As someone who has done both the SAHM and WOHM thing, I have to object to putting "job" in quotations.

The stress that comes from juggling is something that a SAHM doesn't face, but otherwise, the parent at home IS working. If they are at all competent, they are caring for a child, and if a stranger is doing the same thing, they are getting paid for it and considered to be working. Working those 7 hours would not be possible if someone else wasn't providing care during that time.

Parenting is also a 24/7 job. The difficulty will depend on what is going on 24/7, not just Monday to Friday, 9-5. If a SAHM is not getting any help at home from a spouse who works long hours, and if she has a particularly demanding baby that isn't allowing her to sleep, then yes, it's a demanding job. By the same token, the working mom who spends every single moment that she's not at work with a baby attached to her (which is exactly what baby #1 did) is very much a hands-on mom. I spent more time with baby #1, even though I went back to work full-time when she was 7 months, than I did with baby #3, when I was a SAHM until he was 14 months, because he spent most of his first year asleep.

I understand that objection. I guess sometimes it feels from the working mother POV that SAHMs judge our workload as less. Parenting isn't a competition and I do get that 24/7 with kids is not fun, but working women deal with the same 24/7 issues - and many of them don't even have significant others to help at all! I guess a lot of it in my area is that all the stay at homes are degreed former professionals who feel like EVERYTHING is a competition- tons of former lawyers and academics and such; plus, I'd say 75% of parents are in their late 30s/early 40s in our little town. I think that makes a difference

Link to comment
Share on other sites

Turtle, your post reminds me of something I read years ago about Dr Ruth Lawrence, professor of pediatrics at the University of Rochester School of Medicine and Dentistry. Dr Lawrence and her husband (also on the faculty) were the parents of nine children. When her children were small, Ruth only taught part-time, but before she left for work in the morning she would make 10 beds, do three loads of laundry and fix school lunches for the school-age kids. This remarkable woman also ran the Rochester area poison control center out of her home at one time. I think she's still serving on the faculty and she's in her mid to late 80s.

Link to comment
Share on other sites

I think sometimes moms want to talk about how being a SAHM is soooo hard because society confuses "difficult" with "valuable". It has to be hard because we are raised to be competitive and traditional childcare work isn't really valued. So, a mom has to talk about how challenging it is to cloth diaper, full time breastfeed, make your own laundry soap and do craft projects with the kids that she found on Pinterest to prove that her decision to stay at home is worthy compared to a mother who works and brings home income.

For example, I have a friend who posts on Facebook all the things she does "before noon": walking the dog, grocery shopping, dishes, laundry, etc. and adds something like "and I did it all with two little kids in tow!" I'm sure that most working parents do that plus go to work, but I don't see any of my working mom friends posting everything they did that morning on Facebook.
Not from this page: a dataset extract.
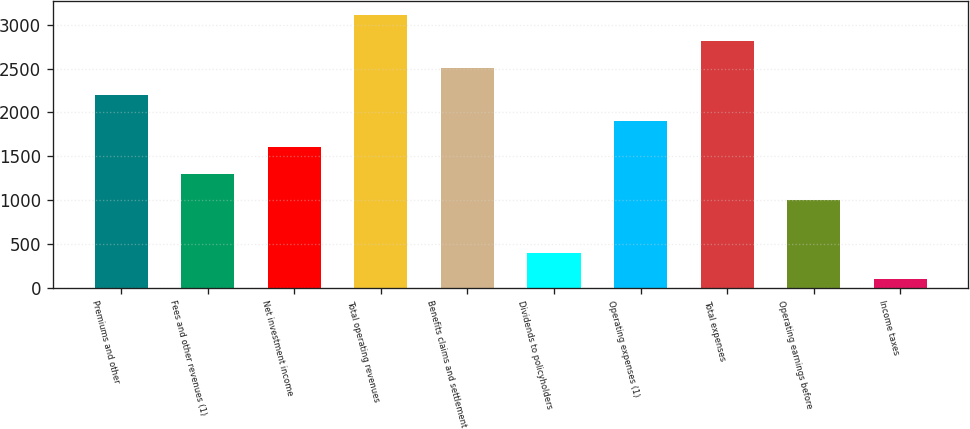<chart> <loc_0><loc_0><loc_500><loc_500><bar_chart><fcel>Premiums and other<fcel>Fees and other revenues (1)<fcel>Net investment income<fcel>Total operating revenues<fcel>Benefits claims and settlement<fcel>Dividends to policyholders<fcel>Operating expenses (1)<fcel>Total expenses<fcel>Operating earnings before<fcel>Income taxes<nl><fcel>2202.68<fcel>1298.96<fcel>1600.2<fcel>3117.04<fcel>2503.92<fcel>395.24<fcel>1901.44<fcel>2815.8<fcel>997.72<fcel>94<nl></chart> 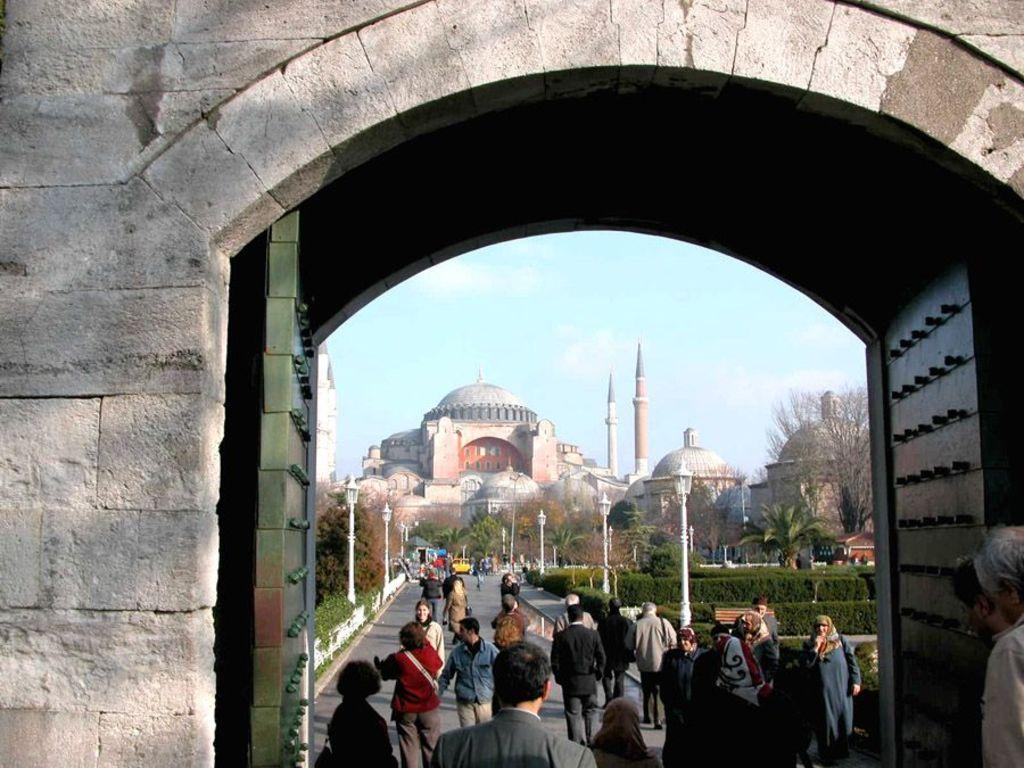What are the people in the image doing? There are many people walking on the path in the image. What can be seen on either side of the path? Plants and trees are present on either side of the path. What is visible in the background of the image? There is a palace in the background of the image. What is visible in the sky in the image? The sky is visible in the image, and clouds are present in the sky. What language are the people speaking in the image? There is no information about the language spoken by the people in the image. How many baseballs can be seen on the path in the image? There are no baseballs present in the image; it features people walking on a path surrounded by plants, trees, and a palace in the background.

But society values their work differently because they get a paycheck, so they don't need to convince everyone that they are sooo busy.

Fantastic post.
Link to comment
Share on other sites

s.

FMJ, I think there was a former poster on here that did EC. I don't recall who it was, though, but I think they bolted in all the Alecto drama. I heard a couple of pediatricians express their thoughts on EC on CNN a couple of years ago. One doctor pointed out that infants did not have the capacity to exercise bladder or bowel control until they could walk. And Dr T Berry Brazelton asked the question "Is this how you really want to spend your time with your baby in the first year of life" Babies aren't bothered by being wet or poopy if they're not cold or rashy. Rather we as mothers are bothered by them being "dirty". I do know one thing: It's irritating to have led a young mother's meeting having to pee the last half of the meeting and then, when you are finally able to go, find the only bathroom occupied by an 8 month old! She used up the last bit of TP, too!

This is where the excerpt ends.